Out-of-State Incarceration and Recidivism

With more Californians sent out of state to be incarcerated in privatized institutions, one of the key questions is whether such institutions work better or worse in the long run. We recently wrote about the corruption and harm involved in privatized institutions, but what happens after people are released?

A new report for the Hawai'i Attorney General's office (dear colleague David Johnson is the PI for the report) examines how Hawai'ian parolees incarcerated on the mainland do by comparison to those kept on the island. The many problems about this arrangement notwithstanding, the issue of recidivism is an important one.
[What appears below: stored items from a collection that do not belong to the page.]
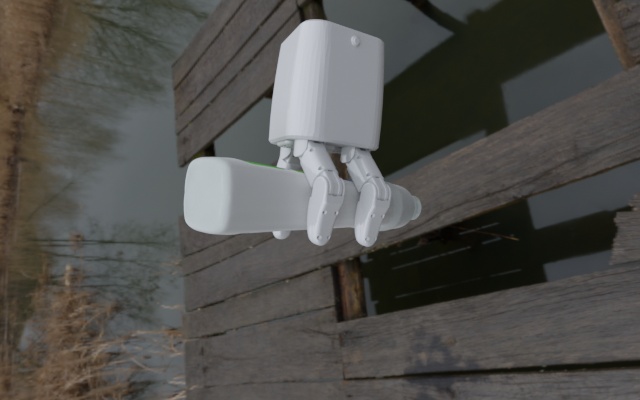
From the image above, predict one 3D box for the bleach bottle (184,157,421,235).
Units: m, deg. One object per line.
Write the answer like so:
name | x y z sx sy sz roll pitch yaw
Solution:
bleach bottle | 0.000 0.002 0.486 0.251 0.068 0.102 4 1 -36
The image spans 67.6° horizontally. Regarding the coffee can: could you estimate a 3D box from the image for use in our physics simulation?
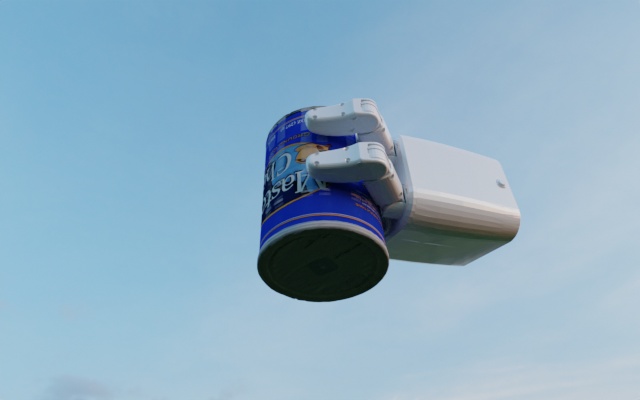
[{"bbox_3d":[0.000,0.001,0.416,0.103,0.140,0.103,-1,-42,-1],"label":"coffee can"}]
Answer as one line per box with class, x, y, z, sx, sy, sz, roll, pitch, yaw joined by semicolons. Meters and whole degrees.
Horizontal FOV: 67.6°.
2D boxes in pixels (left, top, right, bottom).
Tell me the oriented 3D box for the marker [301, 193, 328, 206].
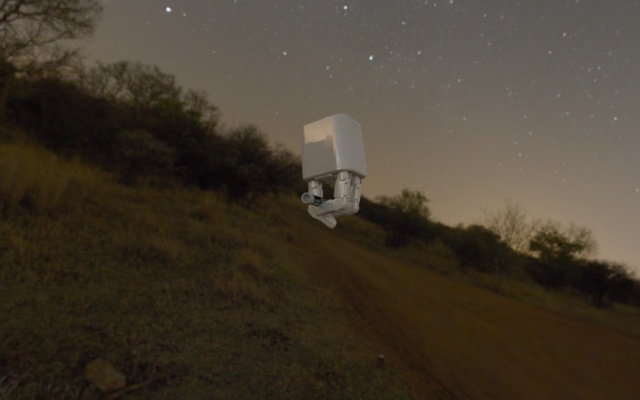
marker;0.000;0.003;0.866;0.020;0.020;0.121;0;-7;25
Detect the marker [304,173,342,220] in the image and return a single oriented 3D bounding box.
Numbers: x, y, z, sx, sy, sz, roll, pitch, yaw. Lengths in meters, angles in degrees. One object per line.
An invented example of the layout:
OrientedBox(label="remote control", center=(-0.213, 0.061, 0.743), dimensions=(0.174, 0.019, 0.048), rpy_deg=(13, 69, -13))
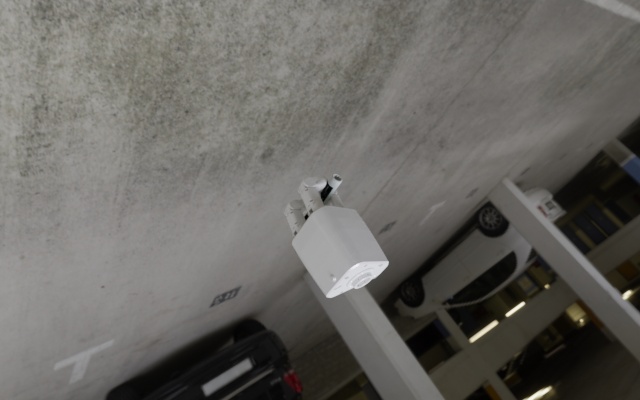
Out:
OrientedBox(label="marker", center=(0.000, 0.003, 0.796), dimensions=(0.020, 0.020, 0.121), rpy_deg=(0, -40, -36))
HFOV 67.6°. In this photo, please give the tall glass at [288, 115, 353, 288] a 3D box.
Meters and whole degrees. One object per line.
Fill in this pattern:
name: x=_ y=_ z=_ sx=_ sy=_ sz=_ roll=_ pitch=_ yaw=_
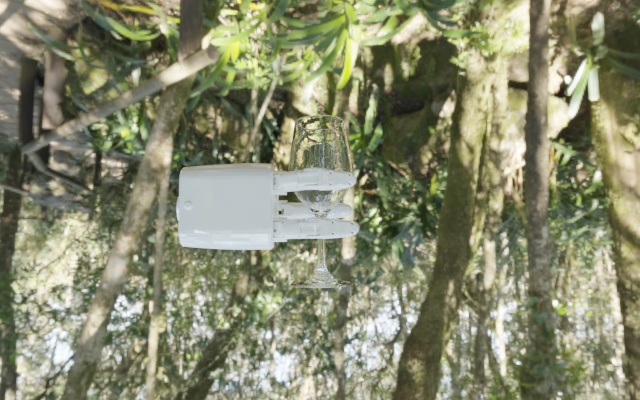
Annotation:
tall glass: x=0.000 y=0.003 z=0.580 sx=0.079 sy=0.201 sz=0.079 roll=-1 pitch=-5 yaw=0

Johnson and his colleagues find no statistically significant difference in the recidivism rates of Hawai'i-incarcerated and mainland-incarcerated parolees. While the study is not perfect, and the two inmate populations differ substantially in their criminal profiles, it is a reminder to question the wisdom of sending inmates away. While cost is a consideration, it is only one of many considerations. The report relies on the concept of humonetarianism to explain that "lean justice" does not always equal "lenient justice" and is not without its discontents. As the report states,

States and their leaders have a responsibility to care not only about crime control and the costs of incarceration but also about the present welfare and future well- being of criminal offenders and the communities from which they come. The vast majority of offenders will come home one day, and they will be our neighbors.